15. The non-transitory computer readable medium of claim 11, wherein the program instructions configured to record the application execution during the capture interval are further configured to:

determine whether an expression stored in the capture configuration matches a path of a data structure defined in the executable code; and

in response to determining that the expression stored in the capture configuration matches the path, capture a runtime value of the data structure.

16. The non-transitory computer readable medium of claim 11, wherein the program instructions configured to record the application execution during the capture interval are further configured to:

capture runtime values of a data structure by walking elements of the data structure in the memory according to a maximum nested depth stored in the capture configuration.

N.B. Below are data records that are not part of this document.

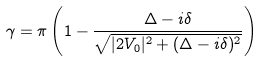<formula> <loc_0><loc_0><loc_500><loc_500>\gamma = \pi \left ( 1 - \frac { \Delta - i \delta } { \sqrt { | 2 V _ { 0 } | ^ { 2 } + ( \Delta - i \delta ) ^ { 2 } } } \right )</formula> 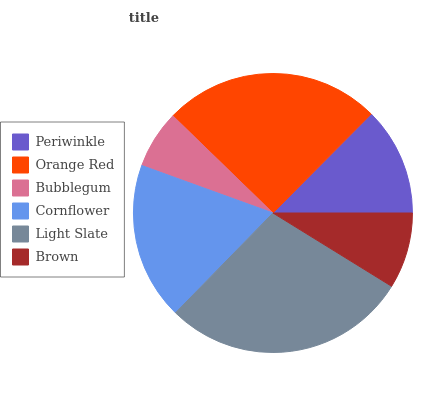Is Bubblegum the minimum?
Answer yes or no. Yes. Is Light Slate the maximum?
Answer yes or no. Yes. Is Orange Red the minimum?
Answer yes or no. No. Is Orange Red the maximum?
Answer yes or no. No. Is Orange Red greater than Periwinkle?
Answer yes or no. Yes. Is Periwinkle less than Orange Red?
Answer yes or no. Yes. Is Periwinkle greater than Orange Red?
Answer yes or no. No. Is Orange Red less than Periwinkle?
Answer yes or no. No. Is Cornflower the high median?
Answer yes or no. Yes. Is Periwinkle the low median?
Answer yes or no. Yes. Is Orange Red the high median?
Answer yes or no. No. Is Cornflower the low median?
Answer yes or no. No. 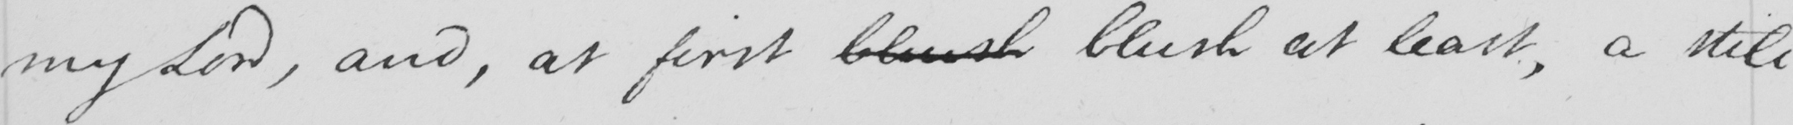What does this handwritten line say? my Lord , and , at first blush blush at least , a still

17. The non-transitory computer readable medium of claim 11, wherein the program instructions configured to record the application execution during the capture interval are further configured to:

determine whether an expression stored in the capture configuration matches a type of an element of a data structure defined in the executable code; and

in response to determining that the expression stored in the capture configuration matches the type of the element, record a value of the element of the structure.

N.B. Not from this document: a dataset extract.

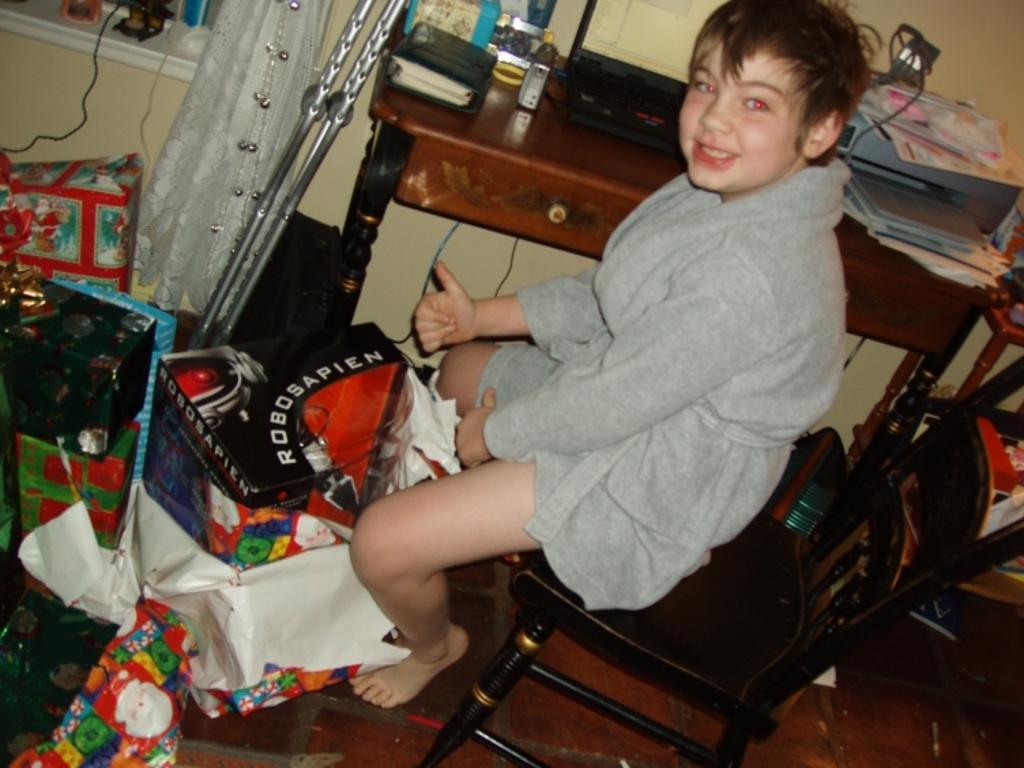Please provide a concise description of this image. In this picture I can see a boy is sitting on the chair in the middle, there is a table beside of him. On the left side I can see few things.

18. The non-transitory computer readable medium of claim 16 wherein the recorded information includes one or more of (i) high-level programming text processed by a runtime system executing the application and (ii) symbols as labels representing one or more of methods, variables, data and state of the executable code.

19. The non-transitory computer readable medium of claim 11, wherein the program instructions configured to compress the recording are further configured to use two-stages of dictionary-based compression for the recorded symbols, values, and associated arguments of the methods, wherein a first stage of the dictionary-based compression is performed in the client library, and a second stage of the dictionary compression is performed in the agent process.

20. A system comprising:

a node including a processor and a memory, the memory including an application having executable code linked to a client library with program instructions configured to, instrument the executable code to record information of the application executing on the node according to a capture configuration determining a fidelity of the recorded information; generate a capture filter defining the information to capture from the application execution based on even-driven capture intervals established as callbacks into a process of the application; record the application execution during the capture interval according to the capture filter, wherein the recording includes information having (i) high-level programming text processed by a runtime system within which the application executes and (ii) symbols, values, and associated arguments of methods of the application; compress the recording; and store the recording via an agent executing on a same operating system as the application.